April 23, 2024

New Test Detects Most Colorectal Cancers, Study Finds

Still, the results fell short of investor expectations and even those of the company that developed the test, the Exact Sciences Corporation, sending its shares down about 20 percent in afternoon trading on Thursday.

In its news release about the study Thursday morning, Exact Sciences said its test detected 92 percent of the cancers picked up by colonoscopy, and 42 percent of potentially precancerous polyps. It had a false positive rate of 13 percent.

The test looks for alterations in human DNA found in a stool sample. The company contends that people will not find it off-putting to deposit a sample of their stool in the company’s collection apparatus and mail it to a laboratory.

The new test, called Cologuard, would not replace colonoscopy. Colonoscopy remains the gold standard for colorectal screening, in part because any polyps detected can also be removed during a colonoscopy, possibly preventing cancer.

But about half of people over 50, the recommended age to start screening for colorectal cancer, are either not adequately screened or not screened at all, in part because colonoscopy is invasive, uncomfortable, expensive and time-consuming.

Exact Sciences says the noninvasive test could allow more people to be screened, and those with a positive result could then get a colonoscopy.

“For the first time noninvasively, we can detect reliably precancerous polyps,” Kevin T. Conroy, the company’s chief executive, told analysts on Thursday.
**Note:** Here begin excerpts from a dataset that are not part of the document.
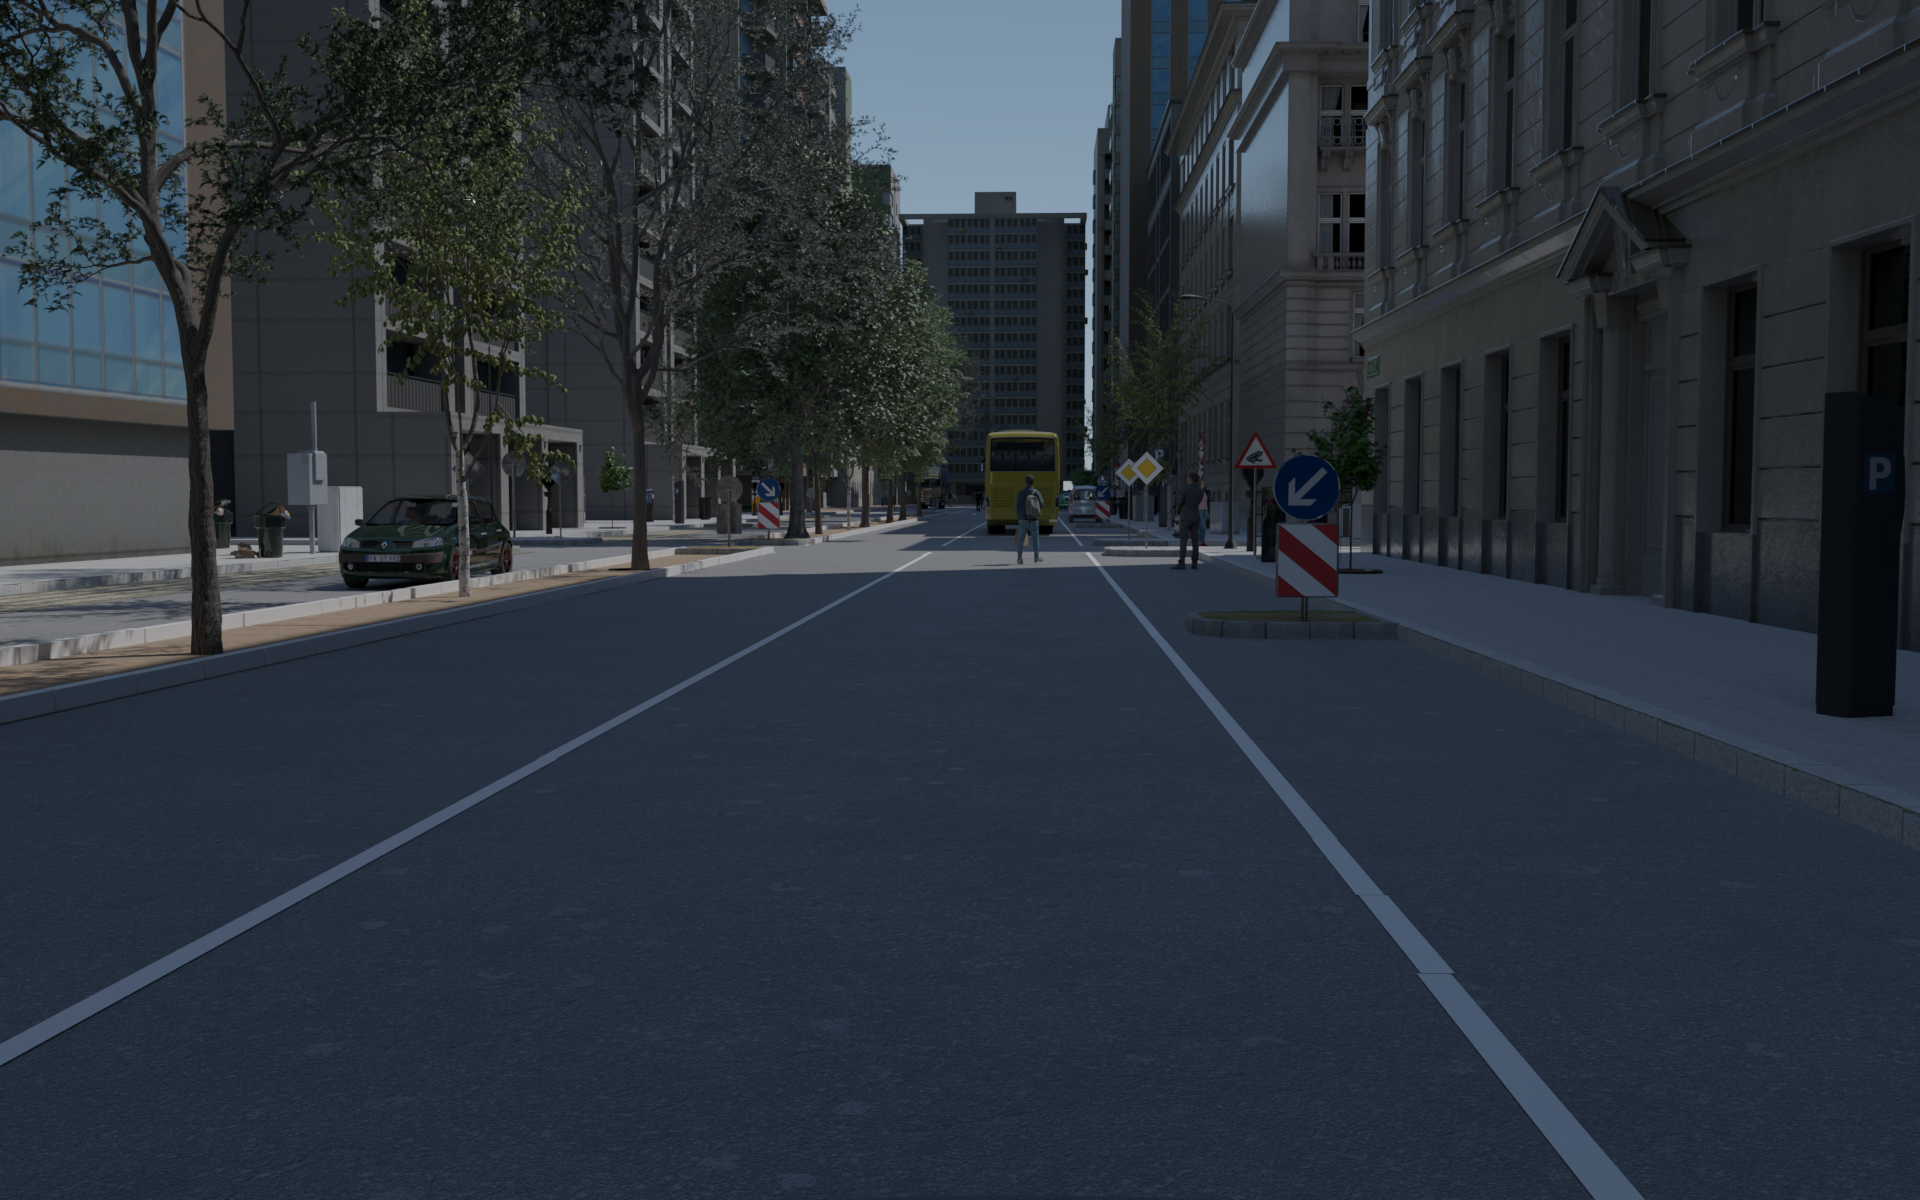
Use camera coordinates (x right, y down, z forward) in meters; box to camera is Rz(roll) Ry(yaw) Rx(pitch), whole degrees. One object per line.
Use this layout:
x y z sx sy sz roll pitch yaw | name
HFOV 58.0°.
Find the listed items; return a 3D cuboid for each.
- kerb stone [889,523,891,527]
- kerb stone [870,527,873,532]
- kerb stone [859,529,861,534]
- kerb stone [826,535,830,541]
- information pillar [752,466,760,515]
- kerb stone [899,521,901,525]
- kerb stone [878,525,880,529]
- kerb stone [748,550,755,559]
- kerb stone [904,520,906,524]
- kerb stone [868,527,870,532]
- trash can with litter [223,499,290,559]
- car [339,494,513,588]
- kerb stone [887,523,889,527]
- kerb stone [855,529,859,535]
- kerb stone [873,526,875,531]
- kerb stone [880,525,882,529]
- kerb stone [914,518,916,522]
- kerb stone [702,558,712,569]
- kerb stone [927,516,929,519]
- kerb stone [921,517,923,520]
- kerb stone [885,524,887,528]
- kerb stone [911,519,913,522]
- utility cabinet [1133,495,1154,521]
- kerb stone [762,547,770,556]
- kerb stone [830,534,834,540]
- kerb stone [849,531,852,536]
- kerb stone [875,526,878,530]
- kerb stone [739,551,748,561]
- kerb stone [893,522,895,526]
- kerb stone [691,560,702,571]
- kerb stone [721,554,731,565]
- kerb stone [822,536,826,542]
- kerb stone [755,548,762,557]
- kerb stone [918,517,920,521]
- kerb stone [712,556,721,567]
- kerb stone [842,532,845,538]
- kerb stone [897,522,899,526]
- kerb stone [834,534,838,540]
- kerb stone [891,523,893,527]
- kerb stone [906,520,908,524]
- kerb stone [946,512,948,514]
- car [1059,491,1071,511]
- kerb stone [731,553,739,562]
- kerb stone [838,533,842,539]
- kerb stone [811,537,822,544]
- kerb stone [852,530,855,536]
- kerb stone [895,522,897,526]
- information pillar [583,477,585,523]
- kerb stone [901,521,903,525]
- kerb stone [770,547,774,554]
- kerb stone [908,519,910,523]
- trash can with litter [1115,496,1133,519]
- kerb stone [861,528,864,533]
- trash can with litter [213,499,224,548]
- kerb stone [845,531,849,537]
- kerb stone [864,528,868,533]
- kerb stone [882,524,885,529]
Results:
-3.142 -3.160 73.868 0.120 0.150 1.000 0 4 3 | kerb stone
-3.505 -2.659 65.670 0.120 0.150 1.000 0 4 3 | kerb stone
-3.702 -2.407 61.555 0.120 0.150 1.000 0 4 3 | kerb stone
-4.120 -1.843 52.328 0.120 0.150 1.000 0 4 3 | kerb stone
-12.253 -6.878 103.806 0.504 3.616 0.183 -1 4 -14 | information pillar
-2.900 -3.473 78.973 0.120 0.150 1.000 0 4 3 | kerb stone
-3.380 -2.847 68.741 0.120 0.150 1.000 0 4 3 | kerb stone
-4.753 -0.992 38.481 0.120 0.150 1.000 0 4 3 | kerb stone
-2.769 -3.661 82.053 0.120 0.150 1.000 0 4 3 | kerb stone
-3.556 -2.596 64.647 0.120 0.150 1.000 0 4 3 | kerb stone
-14.006 -1.422 34.643 0.624 1.170 1.055 3 5 42 | trash can with litter
-8.481 -1.096 27.705 2.009 1.686 4.222 0 4 2 | car
-3.187 -3.090 72.844 0.120 0.150 1.000 0 4 3 | kerb stone
-3.747 -2.342 60.534 0.120 0.150 1.000 0 4 3 | kerb stone
-3.466 -2.722 66.693 0.120 0.150 1.000 0 4 3 | kerb stone
-3.329 -2.910 69.767 0.120 0.150 1.000 0 4 3 | kerb stone
-2.488 -4.037 88.204 0.120 0.150 1.000 0 4 3 | kerb stone
-4.984 -0.683 33.360 0.120 0.150 1.000 0 4 3 | kerb stone
-2.021 -4.665 98.467 0.120 0.150 1.000 0 4 3 | kerb stone
-2.249 -4.351 93.326 0.120 0.150 1.000 0 4 3 | kerb stone
-3.237 -3.032 71.823 0.120 0.150 1.000 0 4 3 | kerb stone
-2.582 -3.911 86.148 0.120 0.150 1.000 0 4 3 | kerb stone
8.672 -4.326 81.885 1.020 1.237 0.306 -2 4 -24 | utility cabinet
-4.653 -1.121 40.532 0.120 0.150 1.000 0 4 3 | kerb stone
-4.074 -1.901 53.363 0.120 0.150 1.000 0 4 3 | kerb stone
-3.842 -2.219 58.481 0.120 0.150 1.000 0 4 3 | kerb stone
-3.414 -2.781 67.720 0.120 0.150 1.000 0 4 3 | kerb stone
-4.791 -0.934 37.460 0.120 0.150 1.000 0 4 3 | kerb stone
-3.049 -3.283 75.910 0.120 0.150 1.000 0 4 3 | kerb stone
-5.028 -0.618 32.334 0.120 0.150 1.000 0 4 3 | kerb stone
-4.886 -0.808 35.409 0.120 0.150 1.000 0 4 3 | kerb stone
-4.169 -1.780 51.305 0.120 0.150 1.000 0 4 3 | kerb stone
-4.706 -1.055 39.506 0.120 0.150 1.000 0 4 3 | kerb stone
-2.344 -4.225 91.279 0.120 0.150 1.000 0 4 3 | kerb stone
-4.943 -0.746 34.387 0.120 0.150 1.000 0 4 3 | kerb stone
-3.930 -2.085 56.434 0.120 0.150 1.000 0 4 3 | kerb stone
-2.948 -3.410 77.952 0.120 0.150 1.000 0 4 3 | kerb stone
-4.026 -1.967 54.387 0.120 0.150 1.000 0 4 3 | kerb stone
-3.099 -3.222 74.889 0.120 0.150 1.000 0 4 3 | kerb stone
-2.725 -3.721 83.075 0.120 0.150 1.000 0 4 3 | kerb stone
-1.088 -5.918 118.958 0.120 0.150 1.000 0 4 3 | kerb stone
9.001 -8.342 145.195 1.959 1.807 4.718 0 4 3 | car
-4.839 -0.869 36.435 0.120 0.150 1.000 0 4 3 | kerb stone
-3.980 -2.032 55.413 0.120 0.150 1.000 0 4 3 | kerb stone
-4.201 -1.717 50.282 0.120 0.150 1.000 0 4 3 | kerb stone
-3.793 -2.282 59.508 0.120 0.150 1.000 0 4 3 | kerb stone
-2.999 -3.348 76.931 0.120 0.150 1.000 0 4 3 | kerb stone
-16.748 -4.407 76.551 0.304 2.012 0.304 0 4 -2 | information pillar
-2.870 -3.536 80.003 0.120 0.150 1.000 0 4 3 | kerb stone
-4.609 -1.184 41.553 0.120 0.150 1.000 0 4 3 | kerb stone
-2.670 -3.786 84.096 0.120 0.150 1.000 0 4 3 | kerb stone
8.508 -4.736 88.826 1.055 1.170 0.624 -3 5 -44 | trash can with litter
-3.656 -2.471 62.589 0.120 0.150 1.000 0 4 3 | kerb stone
-17.661 -1.794 40.726 1.055 1.170 0.624 1 4 12 | trash can with litter
-3.882 -2.154 57.455 0.120 0.150 1.000 0 4 3 | kerb stone
-3.600 -2.534 63.625 0.120 0.150 1.000 0 4 3 | kerb stone
-3.277 -2.972 70.795 0.120 0.150 1.000 0 4 3 | kerb stone

Exact Sciences, which is based in Madison, Wis., said it would soon complete its application to the Food and Drug Administration seeking approval of the Cologuard test.

There were about 143,000 new cases of colorectal cancer and 52,000 deaths in the United States last year, making it the second-leading cause of cancer death behind lung cancer, according to the American Cancer Society.

Dr. Deborah A. Fisher, an associate professor of medicine at Duke University, who was not involved in the study, said the Cologuard test appeared to be a viable option, but only one of several.

“I don’t think this is the holy grail,” said Dr. Fisher, a gastroenterologist who is a consultant to Epigenomics, a company developing a test that could compete with Cologuard. She said it was too soon to tell if the Cologuard test would actually increase the number of people being screened and said there was no data showing that its use actually prevented cancer deaths.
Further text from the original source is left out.